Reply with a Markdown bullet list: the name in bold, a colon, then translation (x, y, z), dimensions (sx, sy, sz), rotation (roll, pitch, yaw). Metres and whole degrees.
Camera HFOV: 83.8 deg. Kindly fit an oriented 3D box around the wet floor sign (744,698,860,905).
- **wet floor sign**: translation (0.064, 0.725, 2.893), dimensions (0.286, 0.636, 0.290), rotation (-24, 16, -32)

...

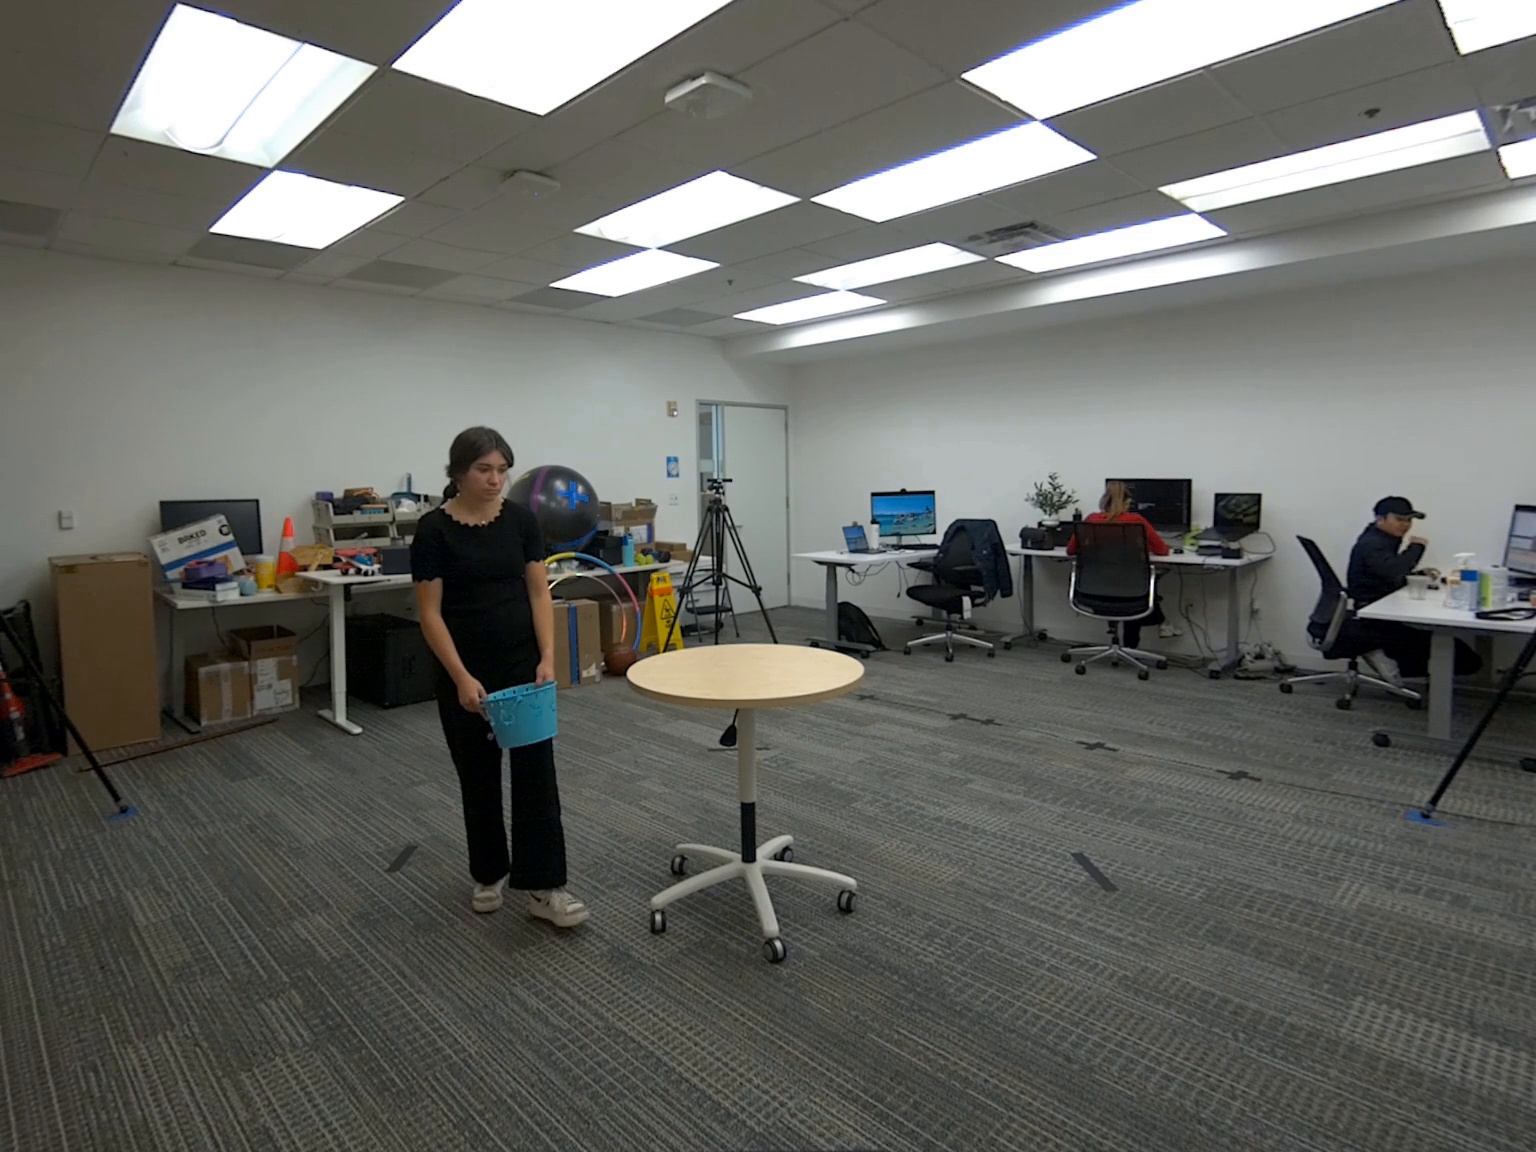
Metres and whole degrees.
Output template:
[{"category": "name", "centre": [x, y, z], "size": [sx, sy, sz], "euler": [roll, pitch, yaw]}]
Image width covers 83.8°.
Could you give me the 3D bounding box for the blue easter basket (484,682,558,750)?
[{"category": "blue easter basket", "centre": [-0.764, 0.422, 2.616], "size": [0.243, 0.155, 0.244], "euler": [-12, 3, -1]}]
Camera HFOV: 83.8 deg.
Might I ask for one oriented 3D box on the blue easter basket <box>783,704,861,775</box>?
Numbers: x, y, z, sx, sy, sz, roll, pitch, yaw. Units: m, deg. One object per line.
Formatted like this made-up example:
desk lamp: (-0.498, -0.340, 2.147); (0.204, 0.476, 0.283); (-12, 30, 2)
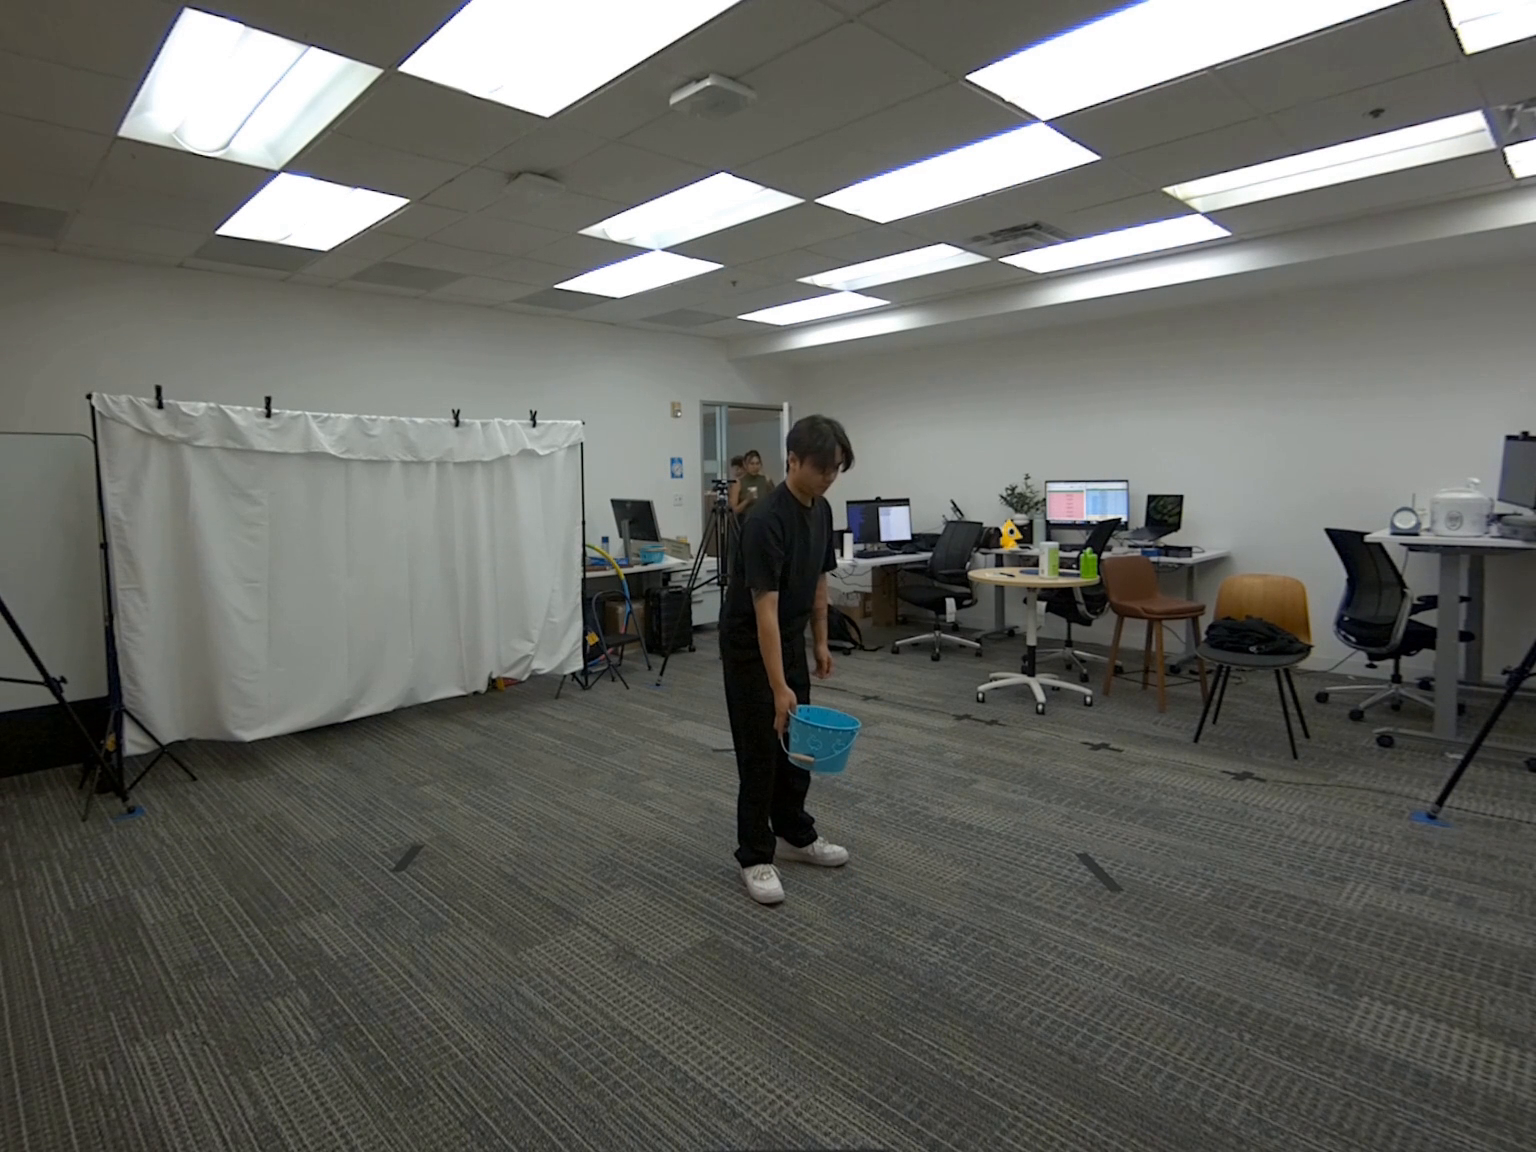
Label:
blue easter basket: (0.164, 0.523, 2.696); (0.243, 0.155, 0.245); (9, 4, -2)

## Goal of the exercise
If a line in the records above contains the word "roll", count it, then give the total and nothing else.

## Task result
3